By Amanda on May 31st, 2006
I’m back from a trip to DC with my friend R. to see the National Opera’s production of La Clemenza di Tito this past Saturday night. There’s a pretty thorough review of this production over at ionarts, with which I mostly agree. I thought Marina Domashenko, as Sesto, and Cristina Nassif (that night’s Vitellia) were the standouts in the cast; I liked Jossie Perez’s Annio too. Hoo-Ryoung Hwang, as Servilia, had a somewhat buzzy quality to her vibrato that I found kind of distracting, but she and Jossie Perez had so much chemistry in their scenes together that I almost didn’t care. I found Michael Schade’s Tito a bit forgettable, though he seemed to warm up as the evening went on. And I liked Vitellia’s bright red dress of crazed wannabe empress-dom (with matching tiara and staff), the one outrageous element in an otherwise rather sombre-looking production.
It’s an odd opera, to be sure, and not to everyone’s taste, partly because the conventions of opera seria seem contrived to the modern audience, but also because Tito, its supposedly central figure, is so heavily idealized. He corresponds only loosely to the historical Roman emperor Titus, and he resembles probably no real ruler ever, what with his impossible niceness and his penchant for pardoning people who try to bump him off. (In his first scene, presented with a huge haul of tribute, Tito immediately allocates it for disaster relief for the victims of the explosion of Mt. Vesuvius. He also insists that he’d rather have his people obey him out of love than out of fear; he’s the kind of ruler Machiavelli would have found eye-rollingly exasperating.)
In this production, the harder-to-swallow moments were played for laughs. When Vitellia sends Sesto off to assassinate Tito in revenge for Tito’s refusal to marry her, and then finds out seconds later that Tito wants to marry her after all, we all giggled; we giggled some more when, at the end of the scene, she abruptly turned around and dashed off after Sesto. Watching, I wondered if any of these moments would have struck 18th-century audiences as comic, or whether the conventions would have been as unremarkable to them as certain cinematic conventions (e.g. the fruit cart rule, or the way a shaky handheld shot of the back of a character’s head signals their imminent doom) are to us.*
But then there was the scene with the burning of the Capitol, and Sesto’s gorgeous arias, and the scene where Annio and Servilia try to do the selfless thing and renounce each other but can’t, all of which were a bit like wandering into a different opera. All of which made me wish I’d been there to see it on its very first night in 1791.

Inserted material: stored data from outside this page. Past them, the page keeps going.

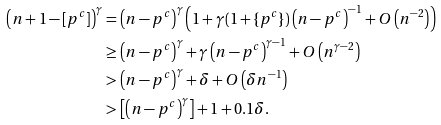Convert formula to latex. <formula><loc_0><loc_0><loc_500><loc_500>\left ( n + 1 - [ p ^ { c } ] \right ) ^ { \gamma } & = \left ( n - p ^ { c } \right ) ^ { \gamma } \left ( 1 + \gamma ( 1 + \{ p ^ { c } \} ) \left ( n - p ^ { c } \right ) ^ { - 1 } + O \left ( n ^ { - 2 } \right ) \right ) \\ & \geq \left ( n - p ^ { c } \right ) ^ { \gamma } + \gamma \left ( n - p ^ { c } \right ) ^ { \gamma - 1 } + O \left ( n ^ { \gamma - 2 } \right ) \\ & > \left ( n - p ^ { c } \right ) ^ { \gamma } + \delta + O \left ( \delta n ^ { - 1 } \right ) \\ & > \left [ \left ( n - p ^ { c } \right ) ^ { \gamma } \right ] + 1 + 0 . 1 \delta .</formula> 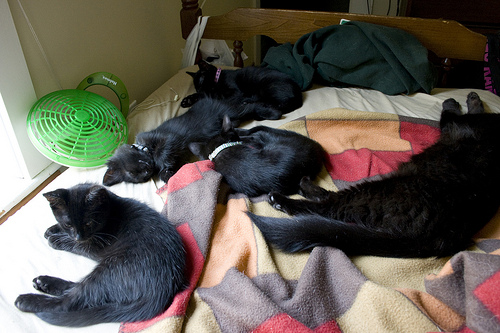<image>
Is the cat to the left of the cat? Yes. From this viewpoint, the cat is positioned to the left side relative to the cat. 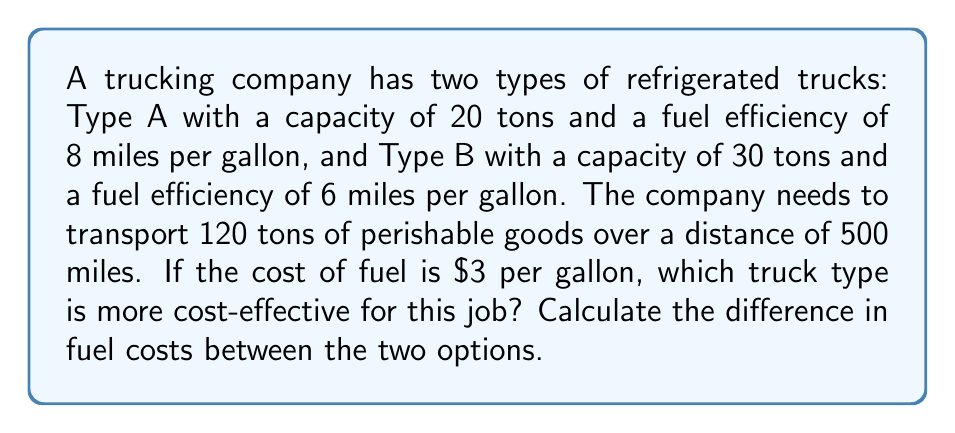Teach me how to tackle this problem. Let's approach this step-by-step:

1) First, calculate the number of trips required for each truck type:
   Type A: $\frac{120 \text{ tons}}{20 \text{ tons/trip}} = 6 \text{ trips}$
   Type B: $\frac{120 \text{ tons}}{30 \text{ tons/trip}} = 4 \text{ trips}$

2) Calculate the total distance traveled for each type:
   Type A: $500 \text{ miles} \times 6 \text{ trips} = 3000 \text{ miles}$
   Type B: $500 \text{ miles} \times 4 \text{ trips} = 2000 \text{ miles}$

3) Calculate the fuel consumption for each type:
   Type A: $\frac{3000 \text{ miles}}{8 \text{ miles/gallon}} = 375 \text{ gallons}$
   Type B: $\frac{2000 \text{ miles}}{6 \text{ miles/gallon}} = 333.33 \text{ gallons}$

4) Calculate the fuel cost for each type:
   Type A: $375 \text{ gallons} \times \$3/\text{gallon} = \$1125$
   Type B: $333.33 \text{ gallons} \times \$3/\text{gallon} = \$1000$

5) Calculate the difference in fuel costs:
   $\$1125 - \$1000 = \$125$

Therefore, Type B trucks are more cost-effective for this job, saving $125 in fuel costs.
Answer: $125

* Years ago, in a graduate seminar on early modern English literature, a bunch of us had a long discussion about how it’s impossible to read The Revenger’s Tragedy nowadays as anything but over-the-top farce. (Parts of the last scene, in particular, are straight out of Monty Python.) And we all boggled over the difficulty of entering into the minds of the original audience: did they think they were seeing gruesome tragedy, or would they have laughed? And if they didn’t find it funny, what other parts of their inner world were closed off to us?